No one knows if that place is real, however, and while trying to protect Toothless from Grimmel and his ferocious Deathgripper dragons, Hiccup must come to grips with the fact that he might have to say goodbye to his beloved dragon forever.

OUR TAKE: 6 out of 10
Aside from a handful of exceptions, once a film series gets to its third installment or higher, it's usually more about making money off a well-known brand rather than needing to continue the underlying story from any sort of creative or artistic sense. While I'm not crazy about that logic, I fully understand it as it's a way for studios to increase their ROI as related to the costs of the initial film and generate enough cash to bring new cinematic stories to light.

Thus, when art and commerce manage to mix successfully, it's a win-win scenario both for those involved in the making of such a film as well as critics and everyday audiences who want to be entertained by something more than a simple cash-grab.

Thankfully, the third (and reportedly last) installment in the "How to Train Your Dragon" film series -- this one given the added title of "The Hidden World" rather than some form of the number three -- should appease everyone. With the first two films being successful commercially (to the tune of north of $1.1 billion combined internationally) and artistically (both received Academy Award nominations), the chances of the follow-up entry doing the same seemed reasonable and so far every indication is that this offering will continue that trend.

It takes up not long after the events of the second film where our now young adult hero (again voiced by Jay Baruchel) and his former rivals turned friends (voiced by the returning America Ferrera, Jonah Hill, Christopher Mintz-Plasse, Kristen Wiig, and Justin Rupple) now routinely rescue dragons from confinement and return them to their island home of Berk. Thankfully, returning writer/director Dean DeBlois doesn't insert any sort of related social or political commentary about immigration or the like into the storyline.

Instead, and keeping things timeless and apolitical, he instead opts for the tried and true (if not particularly novel or creative, but still serviceable) -- a diabolical dragon slayer villain (voiced by F. Murray Abraham as if channeling Javier Bardem) named Grimmel who, natch, likes to kill dragons. In particular Night Furies -- like Hiccup's pet one, Toothless -- since they're rare, and what better way to lure that one in than to use a female one as a potential (and distracting) mate.

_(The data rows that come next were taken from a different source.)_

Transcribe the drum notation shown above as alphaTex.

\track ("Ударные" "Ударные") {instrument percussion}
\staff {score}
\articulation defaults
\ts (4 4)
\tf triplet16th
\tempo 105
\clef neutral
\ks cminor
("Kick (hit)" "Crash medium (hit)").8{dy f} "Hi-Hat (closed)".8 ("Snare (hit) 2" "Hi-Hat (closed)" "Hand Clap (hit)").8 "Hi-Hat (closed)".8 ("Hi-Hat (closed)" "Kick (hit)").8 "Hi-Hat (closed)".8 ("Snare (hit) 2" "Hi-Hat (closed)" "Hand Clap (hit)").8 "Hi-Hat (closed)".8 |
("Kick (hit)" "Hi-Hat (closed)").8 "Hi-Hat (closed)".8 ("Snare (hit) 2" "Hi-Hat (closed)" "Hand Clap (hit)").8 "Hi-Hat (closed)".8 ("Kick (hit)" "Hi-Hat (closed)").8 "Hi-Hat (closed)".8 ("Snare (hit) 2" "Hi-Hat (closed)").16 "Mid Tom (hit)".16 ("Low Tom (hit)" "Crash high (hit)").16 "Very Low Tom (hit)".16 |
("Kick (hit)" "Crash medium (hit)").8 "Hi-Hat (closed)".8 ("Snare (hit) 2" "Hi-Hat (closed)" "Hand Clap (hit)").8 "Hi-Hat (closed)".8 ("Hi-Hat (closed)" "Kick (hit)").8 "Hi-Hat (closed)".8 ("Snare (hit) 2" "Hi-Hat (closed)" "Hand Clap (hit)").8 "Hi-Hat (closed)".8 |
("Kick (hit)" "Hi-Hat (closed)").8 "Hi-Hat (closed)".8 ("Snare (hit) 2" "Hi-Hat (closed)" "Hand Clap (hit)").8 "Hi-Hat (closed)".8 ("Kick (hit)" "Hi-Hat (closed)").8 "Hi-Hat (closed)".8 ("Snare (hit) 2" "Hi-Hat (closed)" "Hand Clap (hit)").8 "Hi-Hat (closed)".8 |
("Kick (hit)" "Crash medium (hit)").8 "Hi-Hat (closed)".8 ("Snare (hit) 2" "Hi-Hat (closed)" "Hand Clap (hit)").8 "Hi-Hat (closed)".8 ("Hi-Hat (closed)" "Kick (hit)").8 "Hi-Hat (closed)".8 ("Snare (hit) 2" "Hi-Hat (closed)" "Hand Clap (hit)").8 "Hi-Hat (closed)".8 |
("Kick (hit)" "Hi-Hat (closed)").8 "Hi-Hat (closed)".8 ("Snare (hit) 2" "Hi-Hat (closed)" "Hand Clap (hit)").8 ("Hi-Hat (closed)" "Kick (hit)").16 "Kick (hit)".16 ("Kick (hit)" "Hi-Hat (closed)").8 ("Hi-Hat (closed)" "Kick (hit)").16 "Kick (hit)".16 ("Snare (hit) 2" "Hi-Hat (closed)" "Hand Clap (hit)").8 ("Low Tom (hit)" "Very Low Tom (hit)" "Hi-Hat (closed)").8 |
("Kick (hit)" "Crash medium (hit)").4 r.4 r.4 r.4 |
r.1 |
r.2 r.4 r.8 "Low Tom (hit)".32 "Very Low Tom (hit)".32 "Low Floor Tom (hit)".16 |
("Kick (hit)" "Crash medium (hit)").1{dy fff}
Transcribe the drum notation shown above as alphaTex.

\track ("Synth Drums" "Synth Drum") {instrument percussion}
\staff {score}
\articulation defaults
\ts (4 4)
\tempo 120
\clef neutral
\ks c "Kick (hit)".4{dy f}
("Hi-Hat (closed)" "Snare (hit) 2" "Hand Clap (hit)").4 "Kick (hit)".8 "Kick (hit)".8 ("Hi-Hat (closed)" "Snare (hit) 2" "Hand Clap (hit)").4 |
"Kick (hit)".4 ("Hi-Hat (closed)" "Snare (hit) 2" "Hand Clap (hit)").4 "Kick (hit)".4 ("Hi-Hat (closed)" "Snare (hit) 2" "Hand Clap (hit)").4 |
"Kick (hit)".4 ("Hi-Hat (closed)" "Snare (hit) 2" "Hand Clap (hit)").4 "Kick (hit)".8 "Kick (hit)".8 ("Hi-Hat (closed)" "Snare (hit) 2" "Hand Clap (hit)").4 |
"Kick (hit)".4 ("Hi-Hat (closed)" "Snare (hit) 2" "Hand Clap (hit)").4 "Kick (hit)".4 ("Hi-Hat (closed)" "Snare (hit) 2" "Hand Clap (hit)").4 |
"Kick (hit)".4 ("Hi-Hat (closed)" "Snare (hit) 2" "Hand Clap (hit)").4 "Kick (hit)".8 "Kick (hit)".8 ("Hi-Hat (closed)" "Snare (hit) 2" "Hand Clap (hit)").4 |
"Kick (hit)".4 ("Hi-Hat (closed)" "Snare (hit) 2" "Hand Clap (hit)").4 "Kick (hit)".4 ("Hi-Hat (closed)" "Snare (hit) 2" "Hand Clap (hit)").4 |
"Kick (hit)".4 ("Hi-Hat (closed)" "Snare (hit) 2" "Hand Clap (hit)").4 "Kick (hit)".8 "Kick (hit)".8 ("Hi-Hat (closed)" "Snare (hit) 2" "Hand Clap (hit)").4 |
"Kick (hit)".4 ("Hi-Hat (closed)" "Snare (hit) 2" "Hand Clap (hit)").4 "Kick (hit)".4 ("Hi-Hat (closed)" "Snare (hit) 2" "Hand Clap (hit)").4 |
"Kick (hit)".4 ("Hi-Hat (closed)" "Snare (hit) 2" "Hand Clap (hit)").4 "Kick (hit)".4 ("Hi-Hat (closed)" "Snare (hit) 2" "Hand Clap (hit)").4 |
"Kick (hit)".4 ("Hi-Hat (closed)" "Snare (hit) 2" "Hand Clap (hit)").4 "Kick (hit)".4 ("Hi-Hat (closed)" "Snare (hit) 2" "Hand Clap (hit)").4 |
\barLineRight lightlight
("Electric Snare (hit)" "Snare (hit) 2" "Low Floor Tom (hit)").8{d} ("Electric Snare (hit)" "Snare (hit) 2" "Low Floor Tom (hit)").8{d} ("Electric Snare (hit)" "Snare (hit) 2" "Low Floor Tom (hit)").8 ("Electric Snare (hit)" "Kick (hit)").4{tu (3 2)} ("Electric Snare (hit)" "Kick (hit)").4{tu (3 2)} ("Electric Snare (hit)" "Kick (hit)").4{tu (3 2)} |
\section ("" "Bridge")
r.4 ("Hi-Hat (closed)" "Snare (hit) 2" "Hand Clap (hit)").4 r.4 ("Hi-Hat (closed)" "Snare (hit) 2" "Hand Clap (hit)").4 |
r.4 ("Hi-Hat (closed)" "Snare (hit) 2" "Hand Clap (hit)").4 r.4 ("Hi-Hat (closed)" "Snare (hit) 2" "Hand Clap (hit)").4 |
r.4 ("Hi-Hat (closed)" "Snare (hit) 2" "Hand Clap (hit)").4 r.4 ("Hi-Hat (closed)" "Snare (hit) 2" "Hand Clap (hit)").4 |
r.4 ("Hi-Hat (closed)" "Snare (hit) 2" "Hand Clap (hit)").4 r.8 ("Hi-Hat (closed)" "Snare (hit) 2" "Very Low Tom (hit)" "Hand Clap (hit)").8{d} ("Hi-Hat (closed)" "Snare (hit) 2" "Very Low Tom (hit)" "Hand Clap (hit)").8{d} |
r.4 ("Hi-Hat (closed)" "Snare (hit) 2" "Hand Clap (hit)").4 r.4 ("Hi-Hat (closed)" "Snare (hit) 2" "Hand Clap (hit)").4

The latter provides for one of two fairly lovely sequences where the visuals do all of the talking (the other being the entry and subsequent fly-through of the title area), as well as a bit of Cyrano (or Steve Martin's "Roxanne") inspired comedy where Hiccup remotely feeds Toothless visual cues about how to woo the lovely lady Fury.

Other comic relief is present -- including Wiig getting additional screen time as the Viking equivalent of a chatterbox valley girl -- but some viewers might be disappointed that a major character introduced in the last film -- Cate Blanchett as the protagonist's long-lost mother -- is pretty much relegated to being a background figure.

But it's the relationship between the boy and his dog -- uh, young adult Viking and his dragon -- that's the center and heart of the story and that part works just as well as before. All of which means the conclusion might leave a lot of viewers -- child and adult alike -- with some leaky eyes and sniffles.

I mean that in a good way, which also applies to the handsome computer-animation, solid vocal work and decent action scenes. While I might not have envisioned the original film being turned into the first installment of a trilogy, I'm happy to report that the third installment wraps things up on an entertaining and emotionally involving high note. "How To Train Your Dragon: The Lost World" rates as a 6 out of 10.